> ACTIVITY
Gather all lines from the material that contain the word "size".

> EXERCISE MATERIAL
+++
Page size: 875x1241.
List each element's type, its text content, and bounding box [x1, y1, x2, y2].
+++
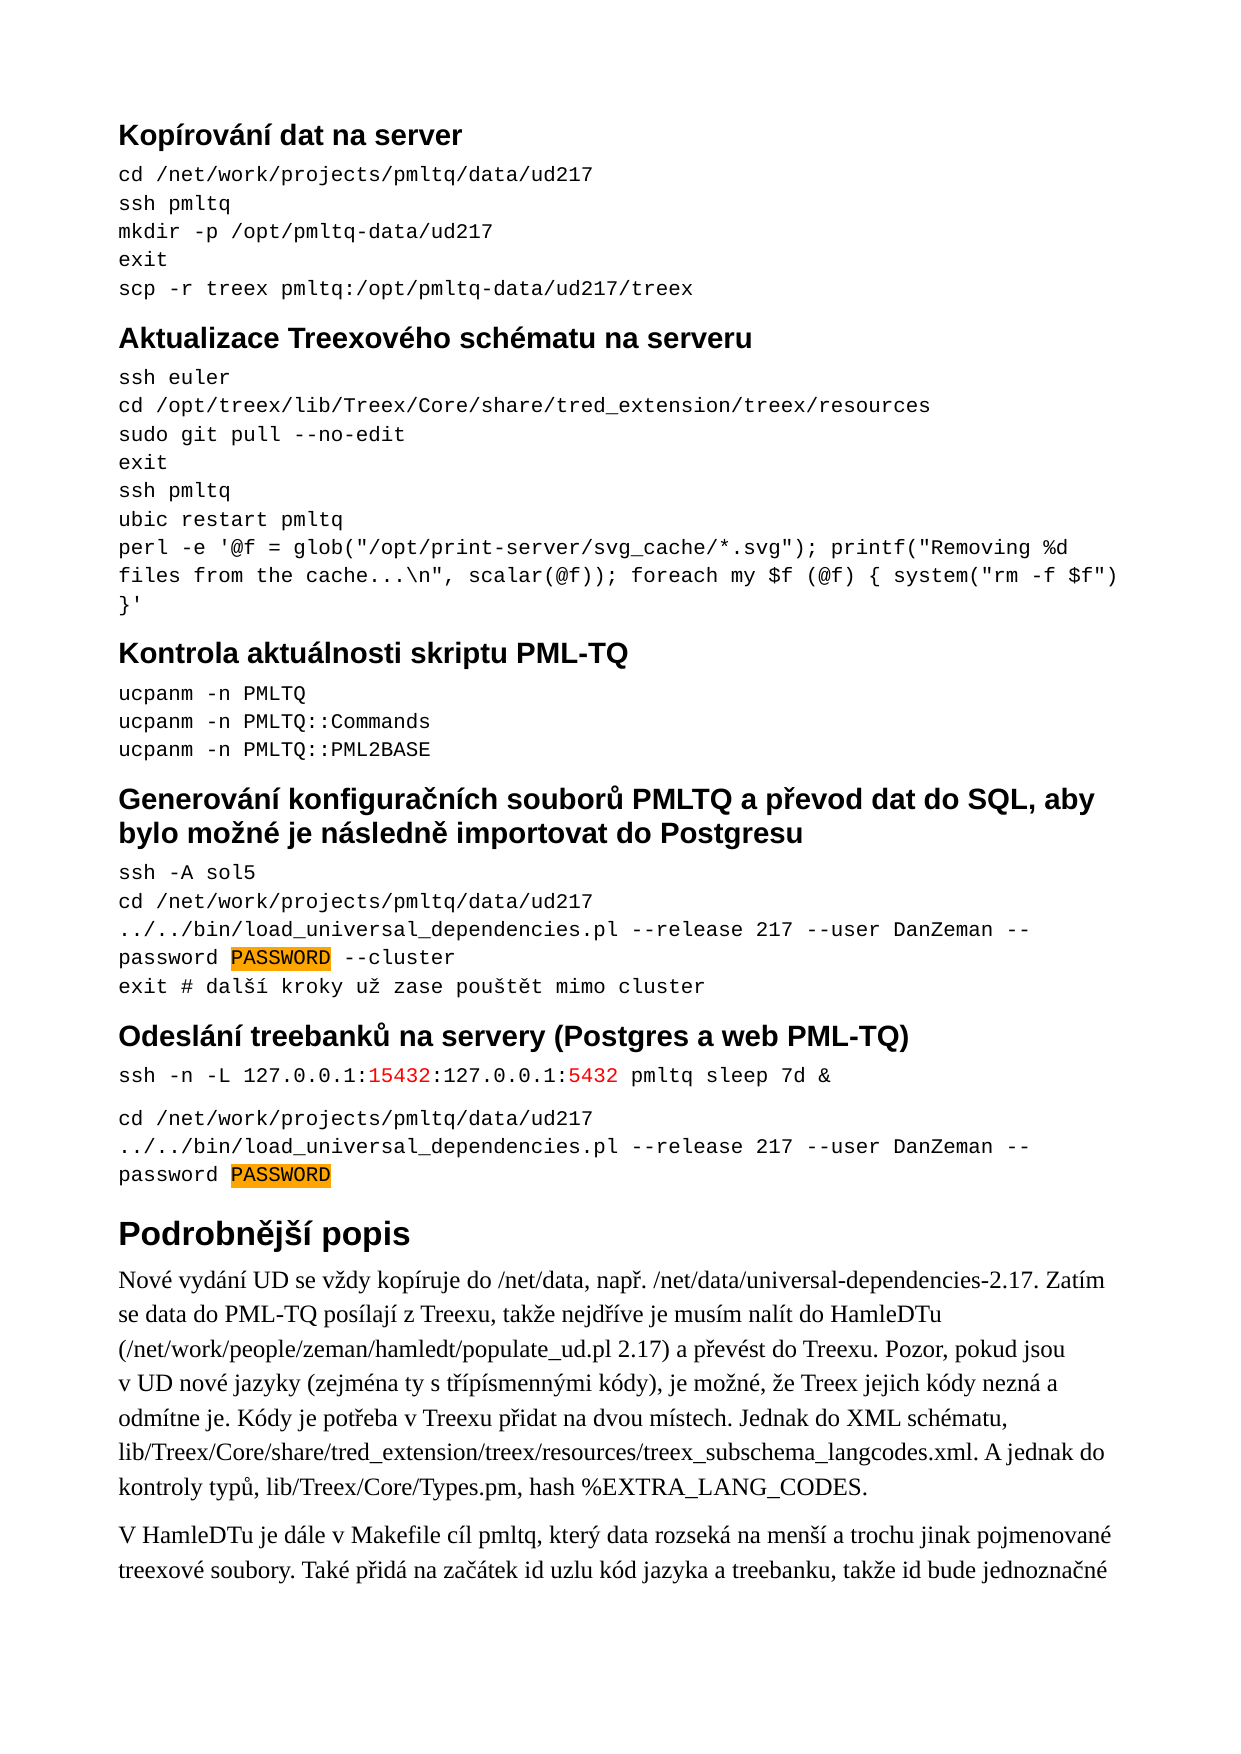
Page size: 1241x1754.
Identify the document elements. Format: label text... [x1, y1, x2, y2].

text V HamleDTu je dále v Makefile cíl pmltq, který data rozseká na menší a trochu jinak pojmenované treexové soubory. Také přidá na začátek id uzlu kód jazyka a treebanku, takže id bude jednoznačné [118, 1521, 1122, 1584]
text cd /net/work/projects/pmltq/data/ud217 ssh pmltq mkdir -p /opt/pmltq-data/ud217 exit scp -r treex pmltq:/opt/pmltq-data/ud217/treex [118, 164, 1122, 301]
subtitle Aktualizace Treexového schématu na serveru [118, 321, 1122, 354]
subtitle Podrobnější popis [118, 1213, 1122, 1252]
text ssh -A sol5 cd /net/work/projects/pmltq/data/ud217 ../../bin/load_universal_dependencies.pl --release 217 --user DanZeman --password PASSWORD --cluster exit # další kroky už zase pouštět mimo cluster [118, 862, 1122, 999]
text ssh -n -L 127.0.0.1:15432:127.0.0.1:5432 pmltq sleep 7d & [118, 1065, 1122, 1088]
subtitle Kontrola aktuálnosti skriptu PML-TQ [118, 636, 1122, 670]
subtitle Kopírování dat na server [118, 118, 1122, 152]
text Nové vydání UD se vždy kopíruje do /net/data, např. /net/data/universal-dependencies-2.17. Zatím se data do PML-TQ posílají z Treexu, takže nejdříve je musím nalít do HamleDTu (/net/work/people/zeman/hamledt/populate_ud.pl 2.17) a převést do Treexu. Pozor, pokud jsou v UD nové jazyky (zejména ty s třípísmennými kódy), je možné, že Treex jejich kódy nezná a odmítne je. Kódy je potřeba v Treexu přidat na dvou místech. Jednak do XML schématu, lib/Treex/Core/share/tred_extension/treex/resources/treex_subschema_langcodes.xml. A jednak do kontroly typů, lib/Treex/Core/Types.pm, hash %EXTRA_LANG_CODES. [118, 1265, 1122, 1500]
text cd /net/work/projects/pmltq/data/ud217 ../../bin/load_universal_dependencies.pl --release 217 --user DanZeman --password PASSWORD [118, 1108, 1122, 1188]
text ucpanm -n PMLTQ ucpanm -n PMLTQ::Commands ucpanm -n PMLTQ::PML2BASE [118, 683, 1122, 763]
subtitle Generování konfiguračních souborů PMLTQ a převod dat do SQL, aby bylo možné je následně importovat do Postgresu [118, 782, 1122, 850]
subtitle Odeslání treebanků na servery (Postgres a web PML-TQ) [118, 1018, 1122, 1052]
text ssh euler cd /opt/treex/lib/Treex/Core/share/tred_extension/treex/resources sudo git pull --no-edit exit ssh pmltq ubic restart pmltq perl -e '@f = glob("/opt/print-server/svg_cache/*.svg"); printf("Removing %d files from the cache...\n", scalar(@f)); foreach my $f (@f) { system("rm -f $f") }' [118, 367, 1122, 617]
+++
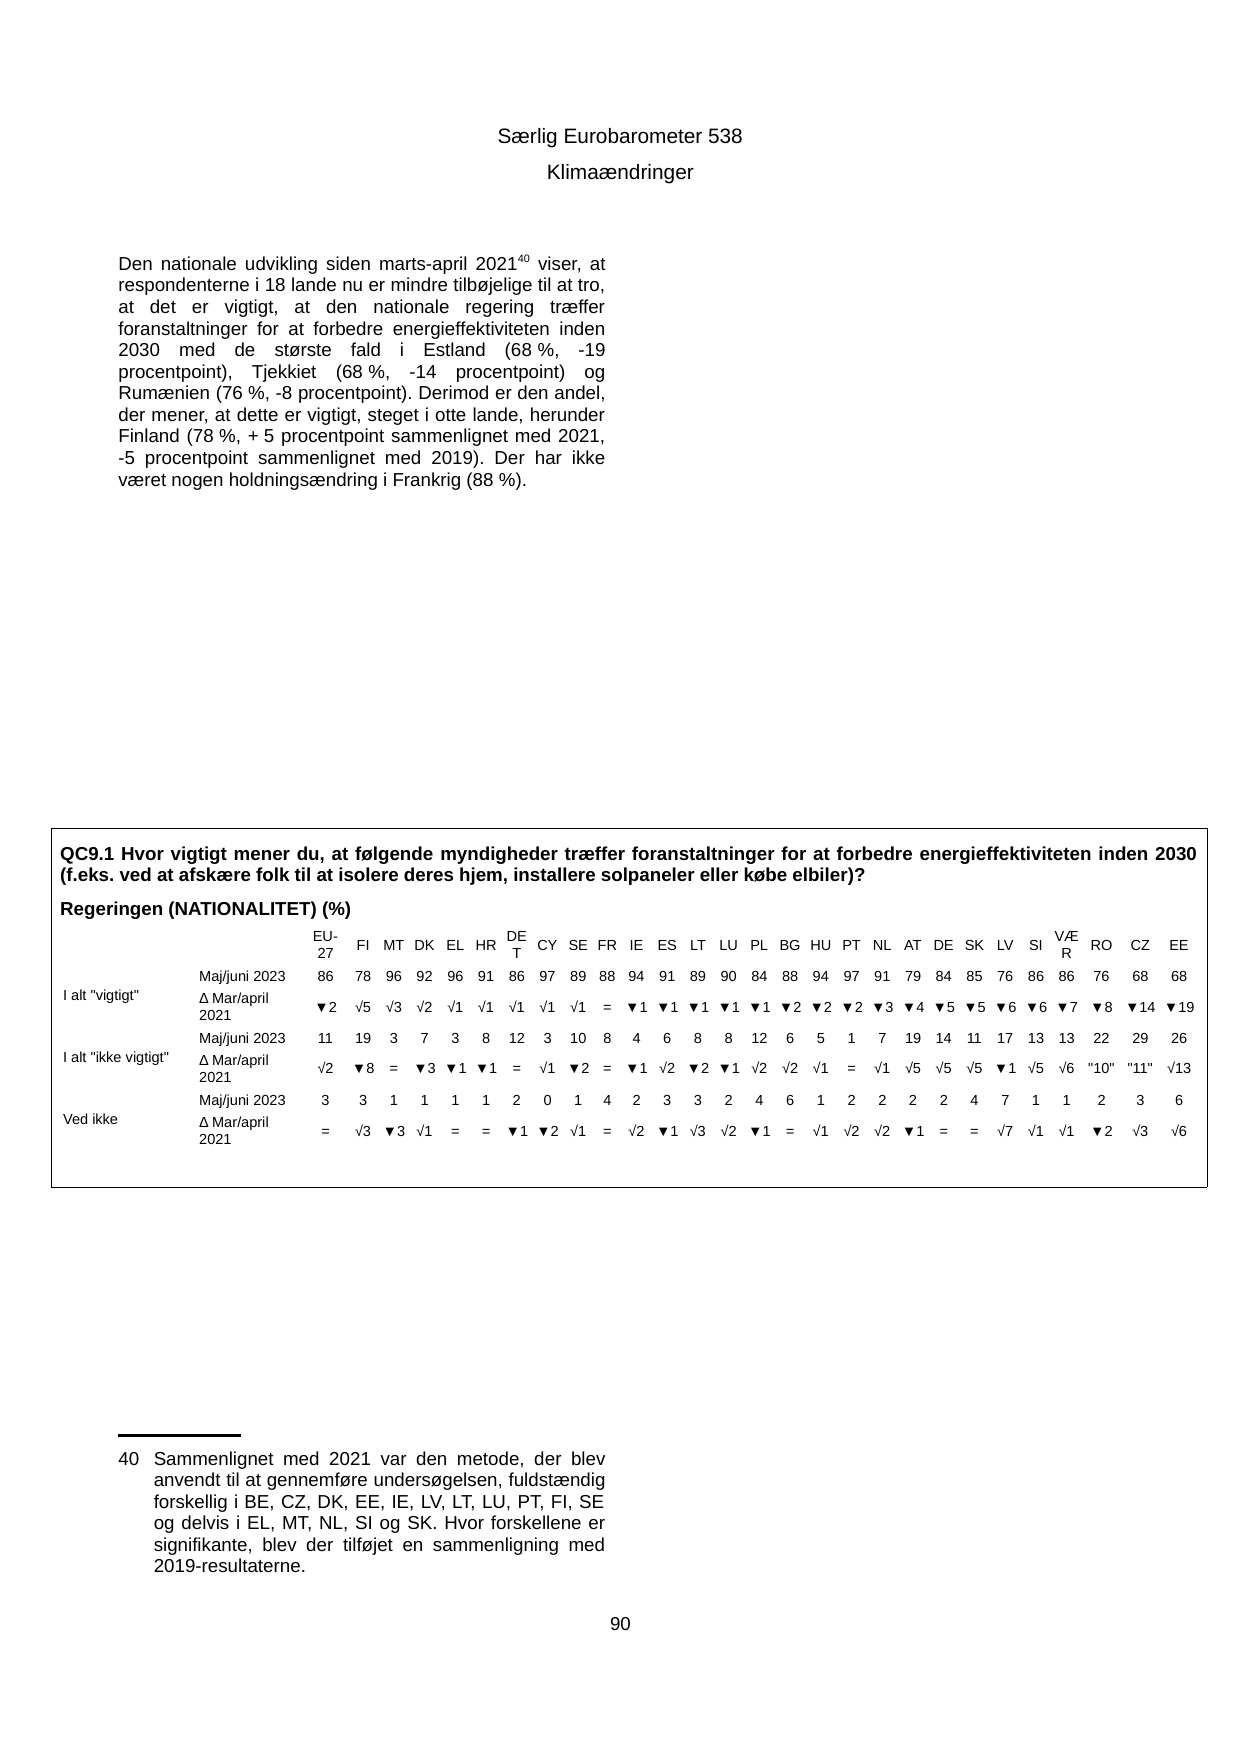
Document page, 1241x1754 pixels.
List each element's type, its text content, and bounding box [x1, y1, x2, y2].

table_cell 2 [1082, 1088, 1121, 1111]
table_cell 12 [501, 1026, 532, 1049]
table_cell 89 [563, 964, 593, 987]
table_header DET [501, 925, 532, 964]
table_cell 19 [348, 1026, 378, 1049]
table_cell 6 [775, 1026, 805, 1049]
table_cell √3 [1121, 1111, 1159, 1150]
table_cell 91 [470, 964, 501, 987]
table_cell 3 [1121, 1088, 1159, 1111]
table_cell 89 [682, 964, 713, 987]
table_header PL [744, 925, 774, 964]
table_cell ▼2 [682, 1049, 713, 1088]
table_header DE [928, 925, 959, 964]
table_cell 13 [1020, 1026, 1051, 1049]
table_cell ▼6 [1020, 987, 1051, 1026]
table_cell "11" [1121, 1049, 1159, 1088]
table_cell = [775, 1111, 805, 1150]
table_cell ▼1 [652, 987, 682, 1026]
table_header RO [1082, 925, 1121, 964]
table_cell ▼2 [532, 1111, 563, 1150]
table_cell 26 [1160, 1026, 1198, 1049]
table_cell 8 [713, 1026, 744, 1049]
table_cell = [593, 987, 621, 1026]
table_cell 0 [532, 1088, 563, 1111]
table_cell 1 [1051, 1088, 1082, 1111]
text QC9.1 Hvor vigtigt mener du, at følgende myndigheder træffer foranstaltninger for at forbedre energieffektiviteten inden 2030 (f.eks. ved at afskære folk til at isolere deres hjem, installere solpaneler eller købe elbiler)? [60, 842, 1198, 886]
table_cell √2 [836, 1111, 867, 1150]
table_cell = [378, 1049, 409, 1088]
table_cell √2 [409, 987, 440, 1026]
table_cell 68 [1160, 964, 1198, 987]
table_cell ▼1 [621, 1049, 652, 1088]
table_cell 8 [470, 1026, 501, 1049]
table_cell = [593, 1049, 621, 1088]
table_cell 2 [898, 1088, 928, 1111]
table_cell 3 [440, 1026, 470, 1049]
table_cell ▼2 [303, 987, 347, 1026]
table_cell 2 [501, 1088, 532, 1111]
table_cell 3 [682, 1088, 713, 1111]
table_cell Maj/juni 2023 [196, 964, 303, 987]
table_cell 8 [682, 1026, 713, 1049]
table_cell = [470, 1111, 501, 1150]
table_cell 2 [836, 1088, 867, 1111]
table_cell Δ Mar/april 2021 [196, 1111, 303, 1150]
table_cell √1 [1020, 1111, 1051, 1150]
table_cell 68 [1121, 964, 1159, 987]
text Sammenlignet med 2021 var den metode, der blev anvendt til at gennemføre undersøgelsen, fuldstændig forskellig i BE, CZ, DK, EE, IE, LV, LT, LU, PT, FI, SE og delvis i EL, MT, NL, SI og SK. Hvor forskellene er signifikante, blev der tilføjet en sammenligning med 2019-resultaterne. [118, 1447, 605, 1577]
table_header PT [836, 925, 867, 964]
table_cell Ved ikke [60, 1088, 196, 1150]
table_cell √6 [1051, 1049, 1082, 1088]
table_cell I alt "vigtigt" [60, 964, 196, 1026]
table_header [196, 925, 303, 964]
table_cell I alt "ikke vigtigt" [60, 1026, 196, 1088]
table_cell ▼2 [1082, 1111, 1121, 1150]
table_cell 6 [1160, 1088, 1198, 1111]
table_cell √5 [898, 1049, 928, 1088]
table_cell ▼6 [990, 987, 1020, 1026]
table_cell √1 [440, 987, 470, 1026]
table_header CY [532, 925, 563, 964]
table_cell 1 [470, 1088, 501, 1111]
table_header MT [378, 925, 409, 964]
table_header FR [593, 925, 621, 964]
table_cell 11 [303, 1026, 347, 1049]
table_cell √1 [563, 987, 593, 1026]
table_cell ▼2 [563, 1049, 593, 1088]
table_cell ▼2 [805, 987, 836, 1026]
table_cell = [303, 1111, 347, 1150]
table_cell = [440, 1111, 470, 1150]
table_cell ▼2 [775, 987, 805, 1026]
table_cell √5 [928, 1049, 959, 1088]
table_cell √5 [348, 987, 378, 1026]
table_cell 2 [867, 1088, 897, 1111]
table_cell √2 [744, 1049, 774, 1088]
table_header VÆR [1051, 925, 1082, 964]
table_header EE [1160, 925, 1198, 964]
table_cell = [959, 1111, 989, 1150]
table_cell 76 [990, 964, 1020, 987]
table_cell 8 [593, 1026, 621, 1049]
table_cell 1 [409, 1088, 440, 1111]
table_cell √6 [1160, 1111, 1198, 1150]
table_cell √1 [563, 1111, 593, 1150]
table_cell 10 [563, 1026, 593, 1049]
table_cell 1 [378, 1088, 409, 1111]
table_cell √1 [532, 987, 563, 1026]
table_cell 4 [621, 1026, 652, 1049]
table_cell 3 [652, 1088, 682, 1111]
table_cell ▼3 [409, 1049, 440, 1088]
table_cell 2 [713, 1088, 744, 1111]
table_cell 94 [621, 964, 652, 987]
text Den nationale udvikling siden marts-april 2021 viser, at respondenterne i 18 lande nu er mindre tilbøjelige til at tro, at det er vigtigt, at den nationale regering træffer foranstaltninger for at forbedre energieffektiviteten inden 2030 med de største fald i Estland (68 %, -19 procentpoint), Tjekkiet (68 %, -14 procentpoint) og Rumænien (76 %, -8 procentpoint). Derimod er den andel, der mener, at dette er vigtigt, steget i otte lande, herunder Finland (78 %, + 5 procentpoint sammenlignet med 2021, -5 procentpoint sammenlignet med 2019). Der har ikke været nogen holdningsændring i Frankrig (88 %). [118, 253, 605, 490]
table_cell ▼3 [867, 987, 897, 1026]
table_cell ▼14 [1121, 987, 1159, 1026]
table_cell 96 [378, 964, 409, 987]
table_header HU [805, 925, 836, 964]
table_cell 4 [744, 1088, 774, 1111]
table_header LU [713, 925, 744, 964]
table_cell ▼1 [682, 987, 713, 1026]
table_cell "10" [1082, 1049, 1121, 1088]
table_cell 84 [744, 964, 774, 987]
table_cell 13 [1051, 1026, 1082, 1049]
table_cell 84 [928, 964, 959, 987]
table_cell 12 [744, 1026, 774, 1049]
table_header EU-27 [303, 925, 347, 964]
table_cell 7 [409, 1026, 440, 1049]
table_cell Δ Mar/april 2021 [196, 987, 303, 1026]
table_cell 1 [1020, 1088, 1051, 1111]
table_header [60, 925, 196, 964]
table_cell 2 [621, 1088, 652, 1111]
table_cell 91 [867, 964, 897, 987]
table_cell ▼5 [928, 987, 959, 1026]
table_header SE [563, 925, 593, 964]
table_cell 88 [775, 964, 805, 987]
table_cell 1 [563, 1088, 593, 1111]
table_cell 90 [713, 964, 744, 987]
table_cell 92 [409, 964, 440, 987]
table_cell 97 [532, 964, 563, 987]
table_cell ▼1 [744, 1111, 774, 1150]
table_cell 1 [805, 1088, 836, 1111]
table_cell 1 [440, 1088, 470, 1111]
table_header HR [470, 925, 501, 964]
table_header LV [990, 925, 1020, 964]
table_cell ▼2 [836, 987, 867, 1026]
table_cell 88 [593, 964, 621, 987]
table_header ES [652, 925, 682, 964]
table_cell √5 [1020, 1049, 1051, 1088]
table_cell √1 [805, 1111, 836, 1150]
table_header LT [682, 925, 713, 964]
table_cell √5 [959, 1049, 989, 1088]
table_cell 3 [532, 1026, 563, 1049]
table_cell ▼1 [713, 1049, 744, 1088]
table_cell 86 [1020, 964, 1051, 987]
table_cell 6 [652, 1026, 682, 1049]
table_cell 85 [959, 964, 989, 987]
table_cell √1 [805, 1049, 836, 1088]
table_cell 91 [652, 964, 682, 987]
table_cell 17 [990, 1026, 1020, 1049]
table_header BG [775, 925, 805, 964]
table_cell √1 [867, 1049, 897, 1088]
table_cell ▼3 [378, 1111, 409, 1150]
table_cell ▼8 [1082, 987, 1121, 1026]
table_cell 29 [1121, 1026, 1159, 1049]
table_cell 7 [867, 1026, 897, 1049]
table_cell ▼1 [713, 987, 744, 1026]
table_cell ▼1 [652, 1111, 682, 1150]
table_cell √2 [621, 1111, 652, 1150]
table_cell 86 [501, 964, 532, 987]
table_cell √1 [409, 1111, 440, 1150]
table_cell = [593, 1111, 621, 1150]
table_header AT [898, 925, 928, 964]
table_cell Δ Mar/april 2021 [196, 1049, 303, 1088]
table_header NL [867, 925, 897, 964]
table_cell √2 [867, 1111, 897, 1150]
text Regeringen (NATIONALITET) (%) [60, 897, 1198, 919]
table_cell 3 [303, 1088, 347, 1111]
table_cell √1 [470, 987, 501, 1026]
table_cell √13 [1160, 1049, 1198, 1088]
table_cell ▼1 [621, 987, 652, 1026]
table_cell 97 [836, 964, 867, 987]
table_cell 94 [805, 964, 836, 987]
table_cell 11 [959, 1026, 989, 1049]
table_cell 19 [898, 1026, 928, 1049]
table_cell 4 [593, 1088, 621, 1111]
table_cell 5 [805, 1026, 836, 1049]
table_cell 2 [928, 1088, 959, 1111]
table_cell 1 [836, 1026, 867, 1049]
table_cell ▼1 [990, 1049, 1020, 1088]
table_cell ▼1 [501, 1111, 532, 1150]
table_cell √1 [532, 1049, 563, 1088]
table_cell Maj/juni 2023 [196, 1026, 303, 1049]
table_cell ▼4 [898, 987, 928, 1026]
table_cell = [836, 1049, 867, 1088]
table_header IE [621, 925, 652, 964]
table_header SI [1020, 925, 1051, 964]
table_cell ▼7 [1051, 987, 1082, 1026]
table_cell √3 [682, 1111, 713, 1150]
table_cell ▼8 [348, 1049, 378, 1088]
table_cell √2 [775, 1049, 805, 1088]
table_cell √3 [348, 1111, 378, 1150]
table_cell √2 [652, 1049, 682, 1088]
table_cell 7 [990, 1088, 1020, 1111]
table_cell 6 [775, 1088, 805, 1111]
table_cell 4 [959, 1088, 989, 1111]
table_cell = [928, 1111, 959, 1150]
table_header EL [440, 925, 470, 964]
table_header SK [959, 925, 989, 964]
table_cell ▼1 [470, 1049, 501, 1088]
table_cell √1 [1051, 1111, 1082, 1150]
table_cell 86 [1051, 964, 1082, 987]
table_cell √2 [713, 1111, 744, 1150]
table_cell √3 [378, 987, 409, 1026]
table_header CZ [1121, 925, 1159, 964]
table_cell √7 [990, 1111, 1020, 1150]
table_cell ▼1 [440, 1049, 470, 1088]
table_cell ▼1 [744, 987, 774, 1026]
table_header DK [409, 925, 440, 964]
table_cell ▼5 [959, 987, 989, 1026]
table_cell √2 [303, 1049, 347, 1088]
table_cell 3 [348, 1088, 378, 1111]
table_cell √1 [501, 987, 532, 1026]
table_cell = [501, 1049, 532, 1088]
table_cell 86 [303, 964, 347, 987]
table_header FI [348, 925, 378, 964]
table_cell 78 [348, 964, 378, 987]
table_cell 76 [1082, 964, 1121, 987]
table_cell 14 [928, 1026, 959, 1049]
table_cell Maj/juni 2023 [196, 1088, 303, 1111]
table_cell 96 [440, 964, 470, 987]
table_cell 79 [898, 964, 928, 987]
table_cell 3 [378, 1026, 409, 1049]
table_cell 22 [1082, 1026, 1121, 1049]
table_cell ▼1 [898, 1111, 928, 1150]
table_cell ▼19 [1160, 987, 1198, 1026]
+++
> FINISHED EXERCISE
Page size: 875x1241.
Page size: 1241x1754.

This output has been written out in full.